Accurate medical diagnosis often involves progressive visual focusing and iterative reasoning, characteristics commonly observed in clinical workflows. While recent vision-language models demonstrate promising chain-of-thought (CoT) reasoning capabilities via reinforcement learning with verifiable rewards (RLVR), their purely on-policy learning paradigm tends to reinforce superficially coherent but clinically inaccurate reasoning paths. We propose MedEyes, a novel reinforcement learning framework that dynamically models clinician-style diagnostic reasoning by progressively attending to and interpreting relevant medical image regions. By incorporating off-policy expert guidance, MedEyes converts expert visual search trajectories into structured external behavioral signals, guiding the model toward clinically aligned visual reasoning. We design the Gaze-guided Reasoning Navigator (GRN) to emulate the diagnostic process through a dual-mode exploration strategy, scanning for systematic abnormality localization and drilling for detailed regional analysis. To balance expert imitation and autonomous discovery, we introduce the Confidence Value Sampler (CVS), which employs nucleus sampling and adaptive termination to create diverse yet credible exploration paths. Finally, the dual-stream GRPO optimization framework decouples on-policy and off-policy learning signals, mitigating reward assimilation and entropy collapse. Experiments demonstrate that MedEyes achieves an average performance improvement of +8.5\% across multiple medical VQA benchmarks, validating MedEyes's potential in building interpretable medical AI systems.

Paper Structure

This paper contains 26 sections, 9 equations, 5 figures, 5 tables.

Figures (5)

  • Figure 1: Comparison of medical CoT training paradigms: SFT produces overly generic responses that miss critical findings; on-policy CoT allows exploration but suffers from advantage collapse leading to incorrect reasoning; MedEyes achieves accurate pneumothorax identification through systematic visual grounding and targeted regional analysis.
  • Figure 2: Overview of MedEyes. We first generate structured off-policy expert trajectories through the Gaze-guided Reasoning Navigator (GRN) and Confidence Value Sampler (CVS) to explore expert reasoning patterns, then combine these with on-policy rollouts from the policy model. The unified trajectory is subsequently for optimization via dual-stream GRPO with multi-component verifiable rewards to enhance the model's intrinsic grounding reasoning capability for medical visual understanding.
  • Figure 3: Diagnostic chain-of-thought example of MedEyes.
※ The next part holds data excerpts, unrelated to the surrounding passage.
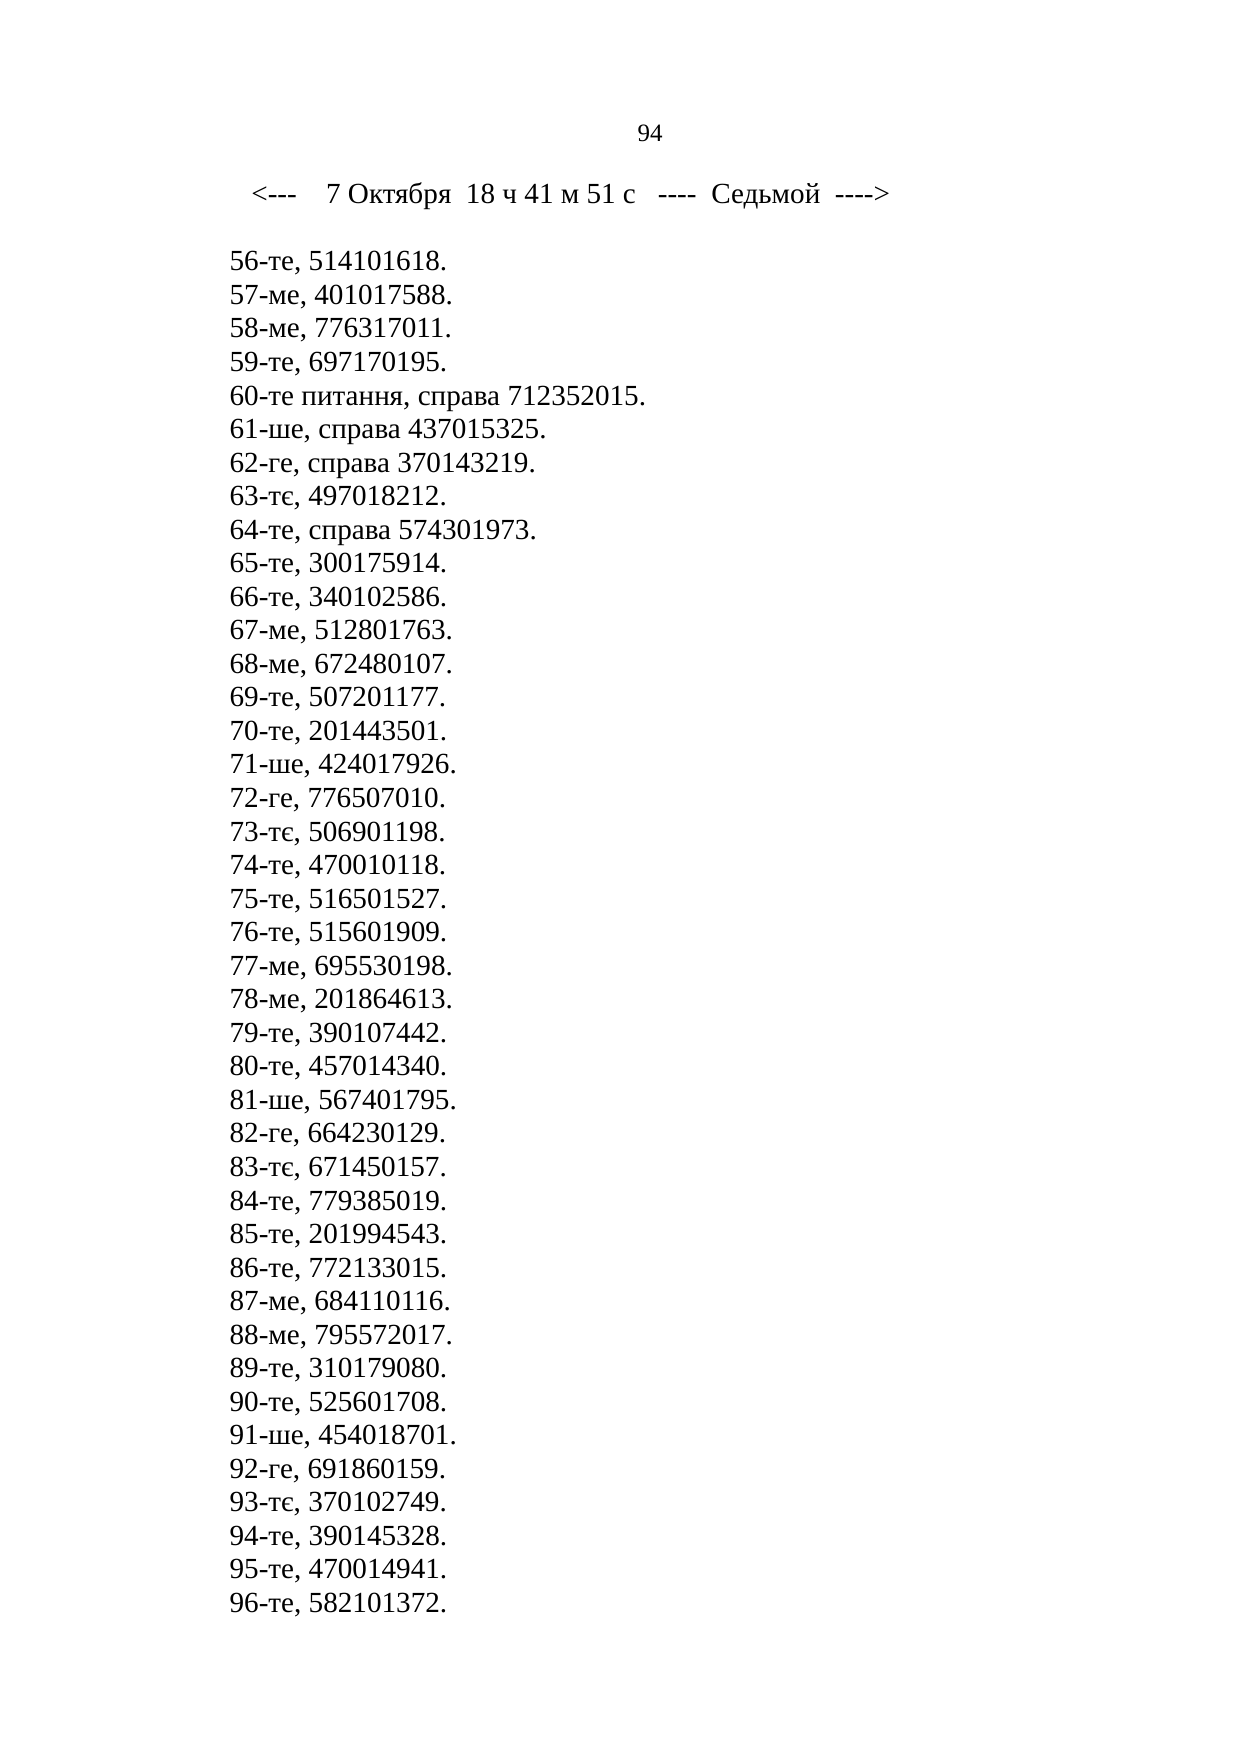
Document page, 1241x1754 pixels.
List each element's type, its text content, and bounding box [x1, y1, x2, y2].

text 78-ме, 201864613. [177, 981, 1122, 1015]
text 81-ше, 567401795. [177, 1082, 1122, 1116]
text 66-те, 340102586. [177, 579, 1122, 612]
text 57-ме, 401017588. [177, 277, 1122, 311]
text 86-те, 772133015. [177, 1250, 1122, 1283]
text 69-те, 507201177. [177, 679, 1122, 713]
text 64-те, справа 574301973. [177, 512, 1122, 545]
text 62-ге, справа 370143219. [177, 445, 1122, 478]
text 61-ше, справа 437015325. [177, 411, 1122, 445]
text 82-ге, 664230129. [177, 1116, 1122, 1149]
text 83-тє, 671450157. [177, 1149, 1122, 1183]
text 75-те, 516501527. [177, 881, 1122, 914]
text 74-те, 470010118. [177, 847, 1122, 881]
text 70-те, 201443501. [177, 713, 1122, 747]
text 95-те, 470014941. [177, 1552, 1122, 1585]
text 72-ге, 776507010. [177, 780, 1122, 814]
text 91-ше, 454018701. [177, 1417, 1122, 1451]
text 67-ме, 512801763. [177, 612, 1122, 646]
text 68-ме, 672480107. [177, 646, 1122, 679]
text 73-тє, 506901198. [177, 814, 1122, 847]
text 89-те, 310179080. [177, 1350, 1122, 1384]
text 71-ше, 424017926. [177, 747, 1122, 780]
text 60-те питання, справа 712352015. [177, 378, 1122, 411]
text 92-ге, 691860159. [177, 1451, 1122, 1484]
text 85-те, 201994543. [177, 1216, 1122, 1250]
text 79-те, 390107442. [177, 1015, 1122, 1048]
text 77-ме, 695530198. [177, 948, 1122, 981]
text 84-те, 779385019. [177, 1183, 1122, 1216]
text 58-ме, 776317011. [177, 311, 1122, 344]
text 63-тє, 497018212. [177, 478, 1122, 512]
text 90-те, 525601708. [177, 1384, 1122, 1417]
text 94-те, 390145328. [177, 1518, 1122, 1552]
text 93-тє, 370102749. [177, 1484, 1122, 1518]
text 76-те, 515601909. [177, 914, 1122, 948]
text 87-ме, 684110116. [177, 1283, 1122, 1317]
text 65-те, 300175914. [177, 545, 1122, 579]
text 96-те, 582101372. [177, 1585, 1122, 1619]
text <--- 7 Октября 18 ч 41 м 51 с ---- Седьмой ----> [177, 176, 1122, 210]
text 59-те, 697170195. [177, 344, 1122, 378]
text 88-ме, 795572017. [177, 1317, 1122, 1350]
text 80-те, 457014340. [177, 1048, 1122, 1082]
text 56-те, 514101618. [177, 243, 1122, 277]

Step 1 identifies bilateral kidneys as anatomical landmarks, followed by targeted liver in step 2. Heatmaps illustrate the progressive refinement process of visual attention.
  • Figure 4: Training dynamics of MedEyes. (a) Reward progression highlighting the effectiveness of off-policy expert guidance. (b) Trajectory length showing exploration-efficiency transition in multi-round visual reasoning.
  • Figure 5: Failure cases analysis. quantitative measurement errors in tumor sizing (top) and pathological concept misinterpretation in ultrasound aneurysm identification (bottom).